Publicado en A partir de 11 años, Cuento

Coraje, un Conejillo de Indias. Capítulo 4. Final

Ya afuera, me erguí (todo lo que se puede enguir una pequeña ratita como yo), moví mi hocico 360 grados miles de veces, y salté frenéticamente hacia la mole.

En ese momento la montaña volvió a temblar; el eco que semejaba una explosión de palabras se convirtió en un atormentante llanto. La estructura comenzó a partirse en dos (como lo había hecho antes el arcoiris), y se dejó ver, al final de un camino (un verdadero camino de tierra), a casi cincuenta metros de distancia, una enorme cascada.

No había más nada que hacer que lo que mis patas, roji-peludas y pequeñas, me pedían: correr hacia ella a toda velocidad. ¿Era esa el agua ansiada que tanto habíamos buscado? No lo podía creer. En medio de la euforia que me hacía correr a toda velocidad sentí que aquel medio kilómetro se me hizo tan corto como unos pocos pasos.

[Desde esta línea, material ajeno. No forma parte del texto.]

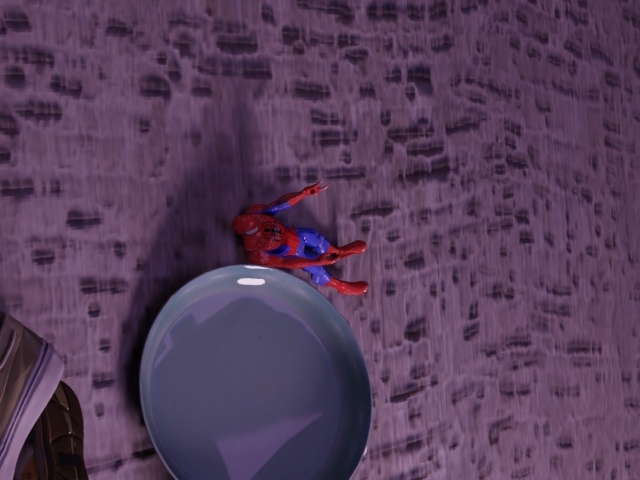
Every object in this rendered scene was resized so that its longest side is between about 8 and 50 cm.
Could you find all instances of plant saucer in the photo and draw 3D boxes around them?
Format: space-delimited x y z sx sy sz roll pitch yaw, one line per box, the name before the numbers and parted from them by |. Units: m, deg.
plant saucer | -0.082 0.187 2.131 0.317 0.043 0.318 10 70 -29

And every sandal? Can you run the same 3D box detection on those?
sandal | -0.295 0.258 1.896 0.090 0.060 0.219 26 51 -59

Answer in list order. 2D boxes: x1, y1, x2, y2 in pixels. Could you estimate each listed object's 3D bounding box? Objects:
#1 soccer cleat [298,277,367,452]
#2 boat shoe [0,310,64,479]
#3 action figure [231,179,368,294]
soccer cleat | 0.002 0.212 2.264 0.116 0.143 0.331 12 77 -56
boat shoe | -0.360 0.201 1.777 0.094 0.109 0.302 47 39 -24
action figure | 0.000 0.000 2.292 0.280 0.139 0.091 19 62 -52

Y al llegar me lancé de un salto, como un dibujo animado, sin miedo a caer al vacío, hacia las alborotadas aguas que corrían debajo de la gran cascada. Hundido en el agua, con todos mis pelos empapados, vi mi color rojo perderse por completo y, como un perfecto ratón albino, seguí moviéndome con la corriente del inmenso lago que recogía esa perfecta, pura, y cristalina agua.

Hasta que logré subir a la superficie, y ahí, como una boya regordeta, sin el más mínimo rastro del color que toda la vida me había caracterizado, vi a todos mis hermanos saltando como locos, por encima de mí. Cada uno de ellos siguió mis pasos hacia el hermoso lago.

Mientras me rodeaban por todos lados, sintiendo sus chillidos descontrolados de alegría, entendí que nunca había sido mi color, ni el hecho de no tener cuerdas vocales, lo que me hizo llegar a la meta.

Yo era uno más, de entre tantos; y como tantos, no tenía nada diferente que me ayudara a liderar aquella valiente travesía. Era solo una ratita que creyó estar preparada para salvar al mundo, respaldada por el mejor equipo de amigos, y con una pequeña arma secreta: coraje. Pensé que quizá así debía llamarme a partir de ese momento.

Y así lo grité (o lo chillé): «me llamo Coraje». Mi nombre rebotó en todos mis alrededores desde mis perfectas cuerdas vocales (fuertes como la misma mole que casi nos había aplastado), que por primera vez me hacían hablar. La felicidad me llenaba el alma mientras veía mis pelos empaparse con aquella maravillosa agua.